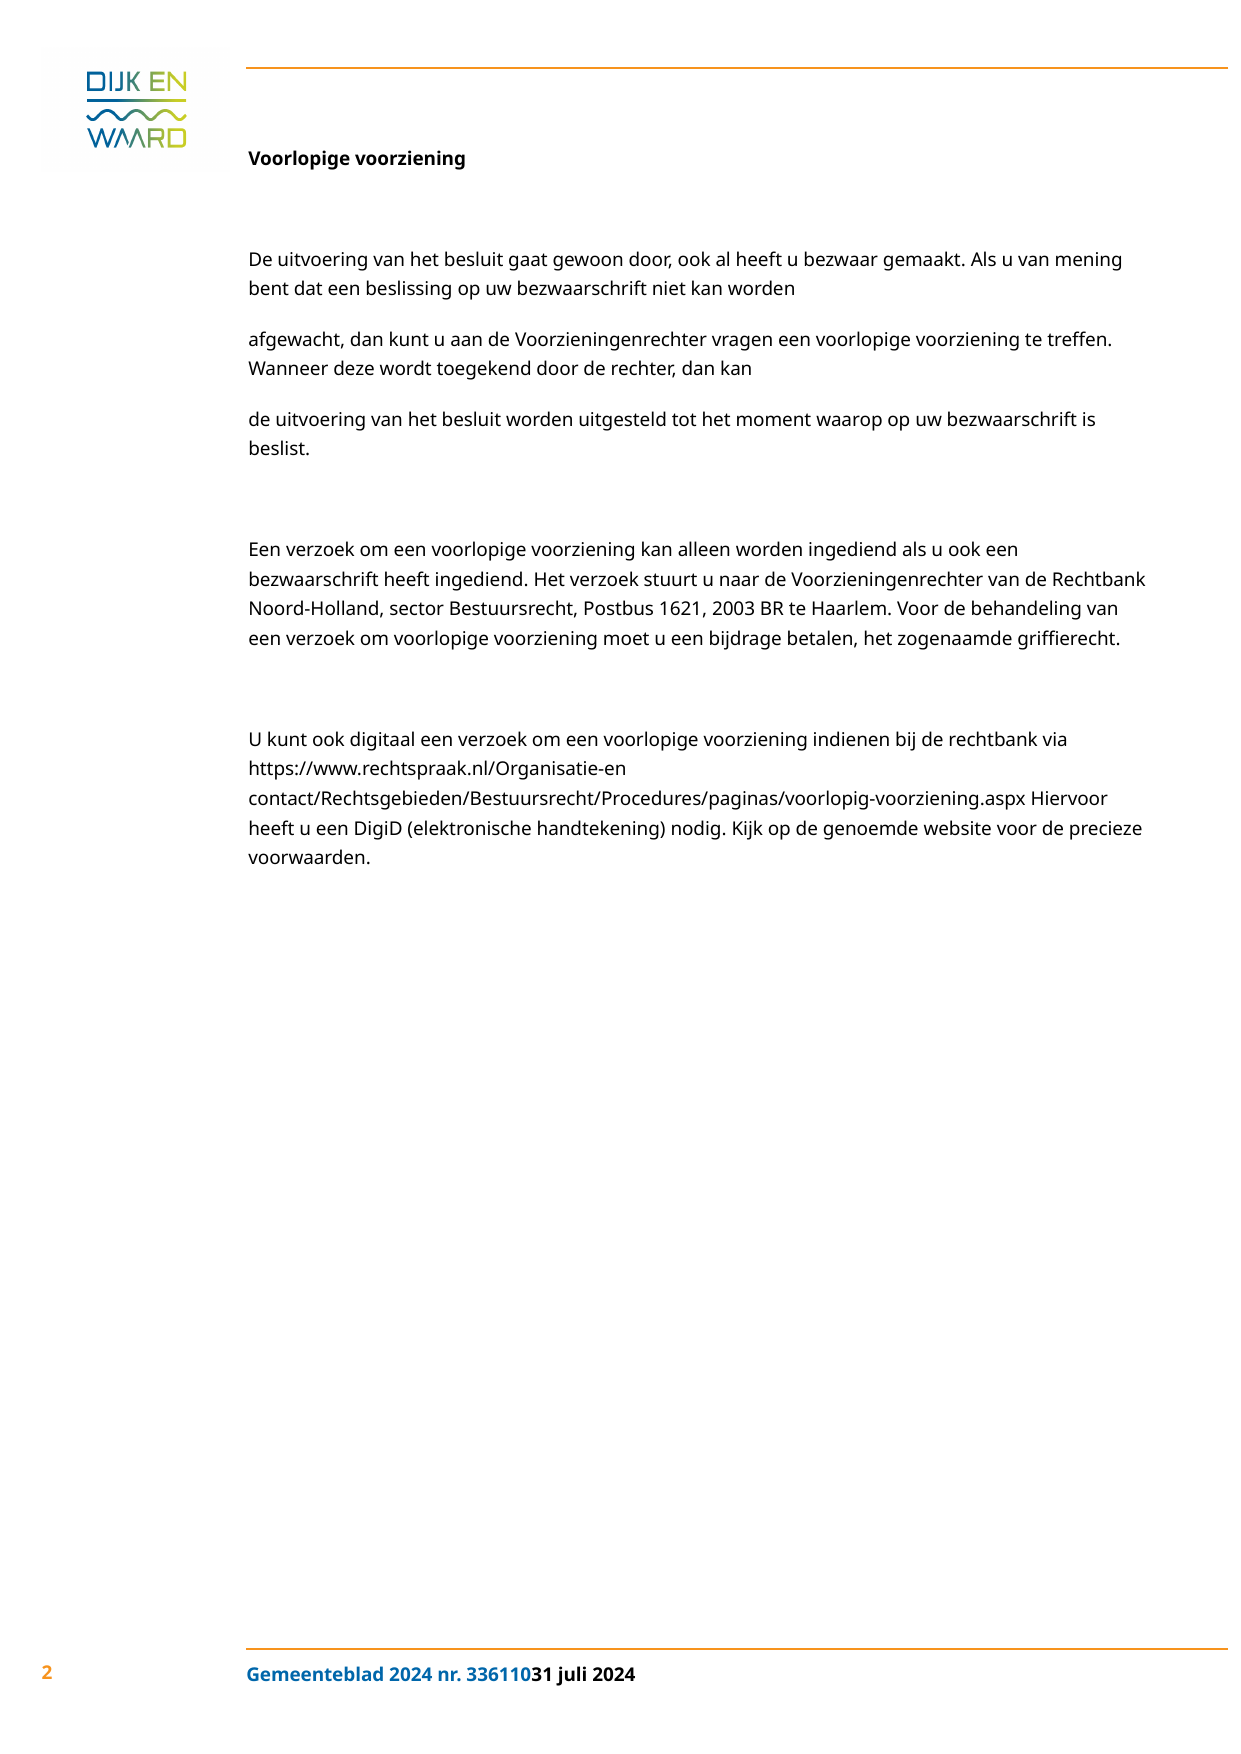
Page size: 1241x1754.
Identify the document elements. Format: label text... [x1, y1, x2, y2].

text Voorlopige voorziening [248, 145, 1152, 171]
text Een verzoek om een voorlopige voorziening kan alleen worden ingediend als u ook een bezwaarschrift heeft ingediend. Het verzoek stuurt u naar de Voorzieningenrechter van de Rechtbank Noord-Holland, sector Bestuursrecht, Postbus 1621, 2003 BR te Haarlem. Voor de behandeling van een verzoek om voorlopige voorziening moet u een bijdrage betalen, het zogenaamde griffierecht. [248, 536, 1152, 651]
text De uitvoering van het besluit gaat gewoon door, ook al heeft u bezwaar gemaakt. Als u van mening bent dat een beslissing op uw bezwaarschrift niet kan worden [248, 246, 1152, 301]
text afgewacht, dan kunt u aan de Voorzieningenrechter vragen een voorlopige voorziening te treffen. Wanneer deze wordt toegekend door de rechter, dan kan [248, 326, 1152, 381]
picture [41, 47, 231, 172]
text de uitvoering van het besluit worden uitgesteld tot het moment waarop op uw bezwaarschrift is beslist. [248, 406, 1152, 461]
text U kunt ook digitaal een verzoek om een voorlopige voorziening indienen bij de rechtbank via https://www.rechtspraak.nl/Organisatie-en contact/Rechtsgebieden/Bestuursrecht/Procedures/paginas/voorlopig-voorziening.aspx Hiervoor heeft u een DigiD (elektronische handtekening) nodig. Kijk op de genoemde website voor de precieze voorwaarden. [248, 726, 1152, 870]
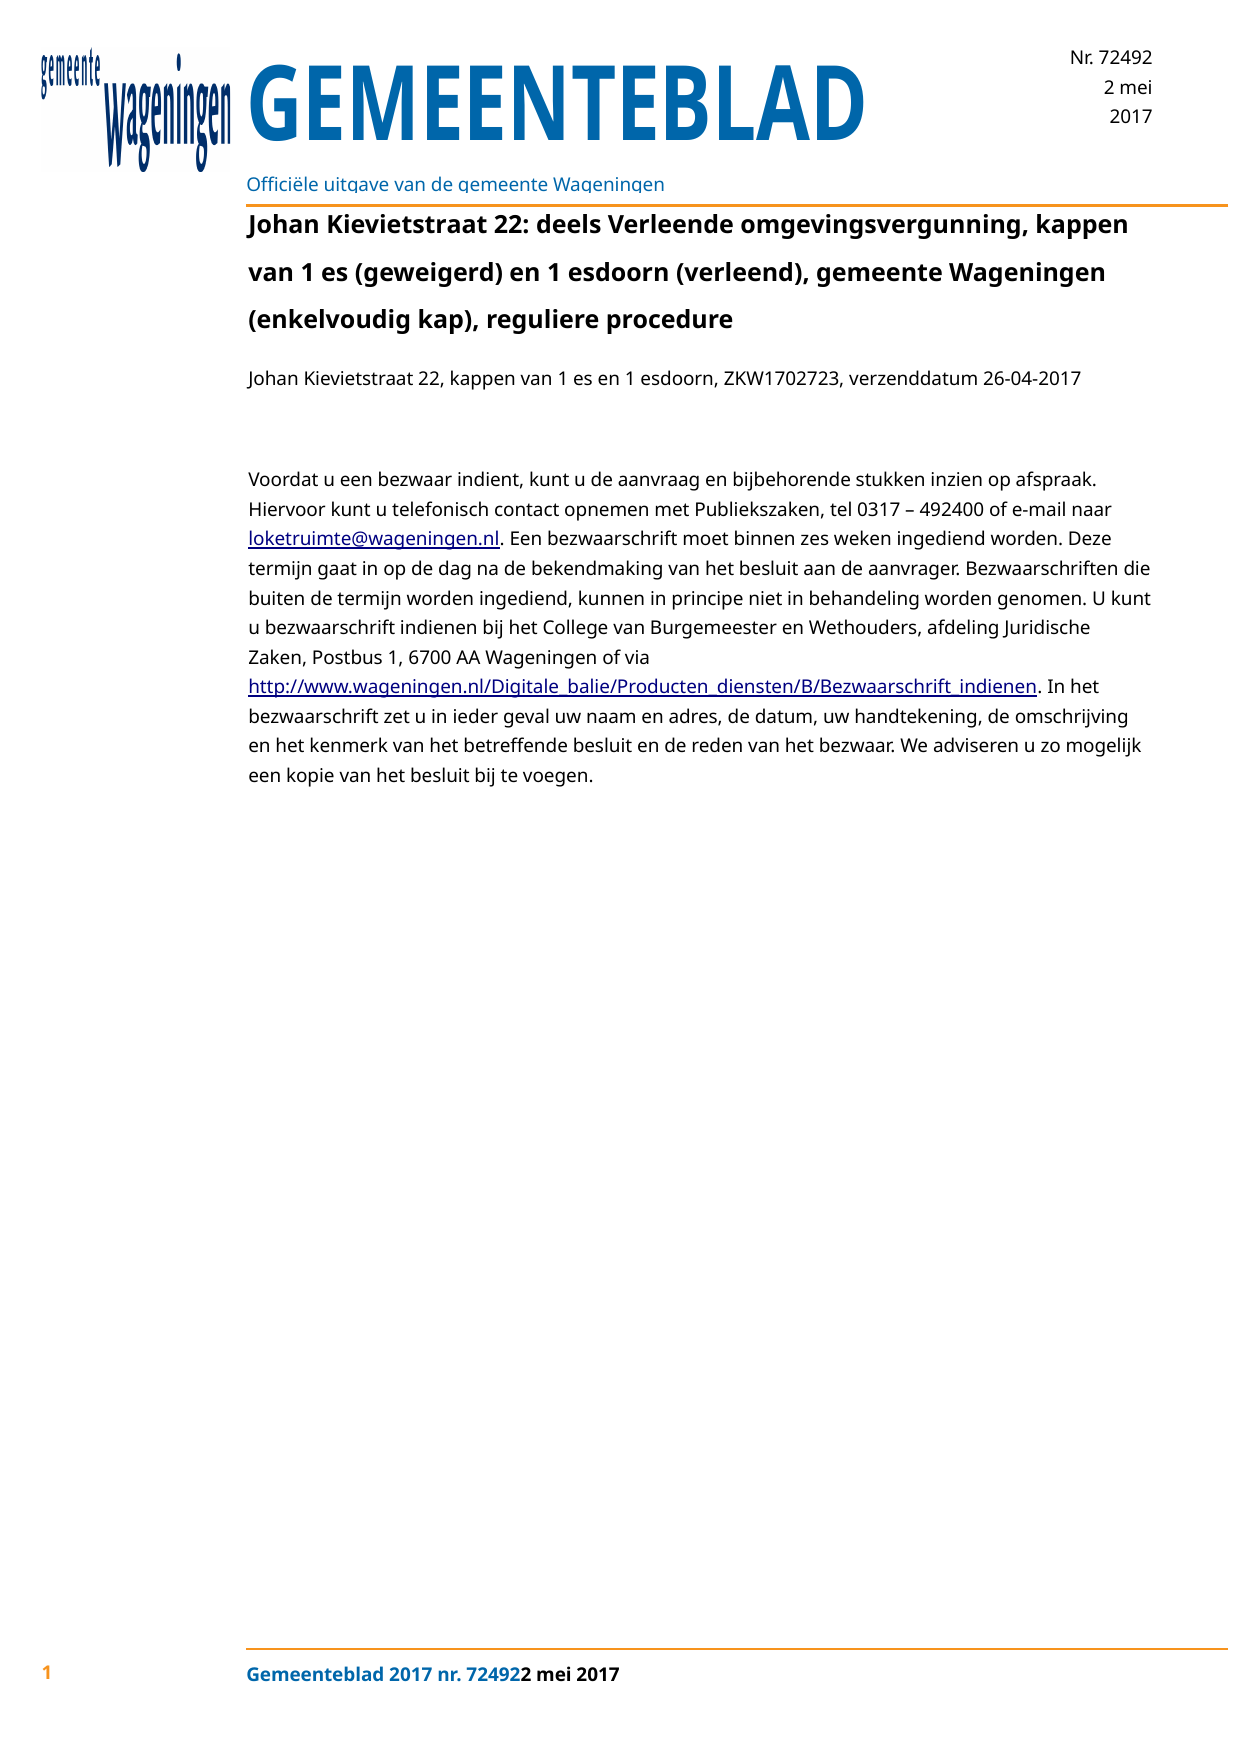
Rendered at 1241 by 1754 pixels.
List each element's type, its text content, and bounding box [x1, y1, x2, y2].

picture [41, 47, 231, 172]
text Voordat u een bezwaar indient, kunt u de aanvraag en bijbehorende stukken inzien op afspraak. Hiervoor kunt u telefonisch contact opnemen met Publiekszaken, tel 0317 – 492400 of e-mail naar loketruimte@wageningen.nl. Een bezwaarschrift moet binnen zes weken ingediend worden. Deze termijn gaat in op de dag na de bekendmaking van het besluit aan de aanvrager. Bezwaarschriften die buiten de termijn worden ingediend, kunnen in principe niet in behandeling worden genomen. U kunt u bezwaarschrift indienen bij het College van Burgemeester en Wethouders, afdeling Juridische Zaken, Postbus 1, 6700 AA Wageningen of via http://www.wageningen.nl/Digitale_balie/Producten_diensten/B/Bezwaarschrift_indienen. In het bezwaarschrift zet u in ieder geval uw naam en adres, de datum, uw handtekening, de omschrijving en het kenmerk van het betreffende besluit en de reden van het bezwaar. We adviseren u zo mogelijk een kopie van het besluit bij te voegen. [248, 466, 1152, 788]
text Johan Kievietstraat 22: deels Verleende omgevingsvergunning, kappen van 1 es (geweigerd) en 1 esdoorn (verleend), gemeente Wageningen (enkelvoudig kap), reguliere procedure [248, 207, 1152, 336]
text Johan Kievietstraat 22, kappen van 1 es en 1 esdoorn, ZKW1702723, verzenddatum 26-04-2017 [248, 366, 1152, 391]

### EXERCISE AIM
Each record is to be written out exactly. No picture goes in.

### OUTPUT BELOW
Page size: 1241x1754.
Identify the document elements. Format: label text... [x1, y1, x2, y2].

text Voorlopige voorziening [248, 145, 1152, 171]
text Een verzoek om een voorlopige voorziening kan alleen worden ingediend als u ook een bezwaarschrift heeft ingediend. Het verzoek stuurt u naar de Voorzieningenrechter van de Rechtbank Noord-Holland, sector Bestuursrecht, Postbus 1621, 2003 BR te Haarlem. Voor de behandeling van een verzoek om voorlopige voorziening moet u een bijdrage betalen, het zogenaamde griffierecht. [248, 536, 1152, 651]
text De uitvoering van het besluit gaat gewoon door, ook al heeft u bezwaar gemaakt. Als u van mening bent dat een beslissing op uw bezwaarschrift niet kan worden [248, 246, 1152, 301]
text afgewacht, dan kunt u aan de Voorzieningenrechter vragen een voorlopige voorziening te treffen. Wanneer deze wordt toegekend door de rechter, dan kan [248, 326, 1152, 381]
picture [41, 47, 231, 172]
text de uitvoering van het besluit worden uitgesteld tot het moment waarop op uw bezwaarschrift is beslist. [248, 406, 1152, 461]
text U kunt ook digitaal een verzoek om een voorlopige voorziening indienen bij de rechtbank via https://www.rechtspraak.nl/Organisatie-en contact/Rechtsgebieden/Bestuursrecht/Procedures/paginas/voorlopig-voorziening.aspx Hiervoor heeft u een DigiD (elektronische handtekening) nodig. Kijk op de genoemde website voor de precieze voorwaarden. [248, 726, 1152, 870]
Rendered at 1241 by 1754 pixels.
List each element's type, its text content, and bounding box [x1, y1, x2, y2].

picture [41, 47, 231, 172]
text Voordat u een bezwaar indient, kunt u de aanvraag en bijbehorende stukken inzien op afspraak. Hiervoor kunt u telefonisch contact opnemen met Publiekszaken, tel 0317 – 492400 of e-mail naar loketruimte@wageningen.nl. Een bezwaarschrift moet binnen zes weken ingediend worden. Deze termijn gaat in op de dag na de bekendmaking van het besluit aan de aanvrager. Bezwaarschriften die buiten de termijn worden ingediend, kunnen in principe niet in behandeling worden genomen. U kunt u bezwaarschrift indienen bij het College van Burgemeester en Wethouders, afdeling Juridische Zaken, Postbus 1, 6700 AA Wageningen of via http://www.wageningen.nl/Digitale_balie/Producten_diensten/B/Bezwaarschrift_indienen. In het bezwaarschrift zet u in ieder geval uw naam en adres, de datum, uw handtekening, de omschrijving en het kenmerk van het betreffende besluit en de reden van het bezwaar. We adviseren u zo mogelijk een kopie van het besluit bij te voegen. [248, 466, 1152, 788]
text Johan Kievietstraat 22: deels Verleende omgevingsvergunning, kappen van 1 es (geweigerd) en 1 esdoorn (verleend), gemeente Wageningen (enkelvoudig kap), reguliere procedure [248, 207, 1152, 336]
text Johan Kievietstraat 22, kappen van 1 es en 1 esdoorn, ZKW1702723, verzenddatum 26-04-2017 [248, 366, 1152, 391]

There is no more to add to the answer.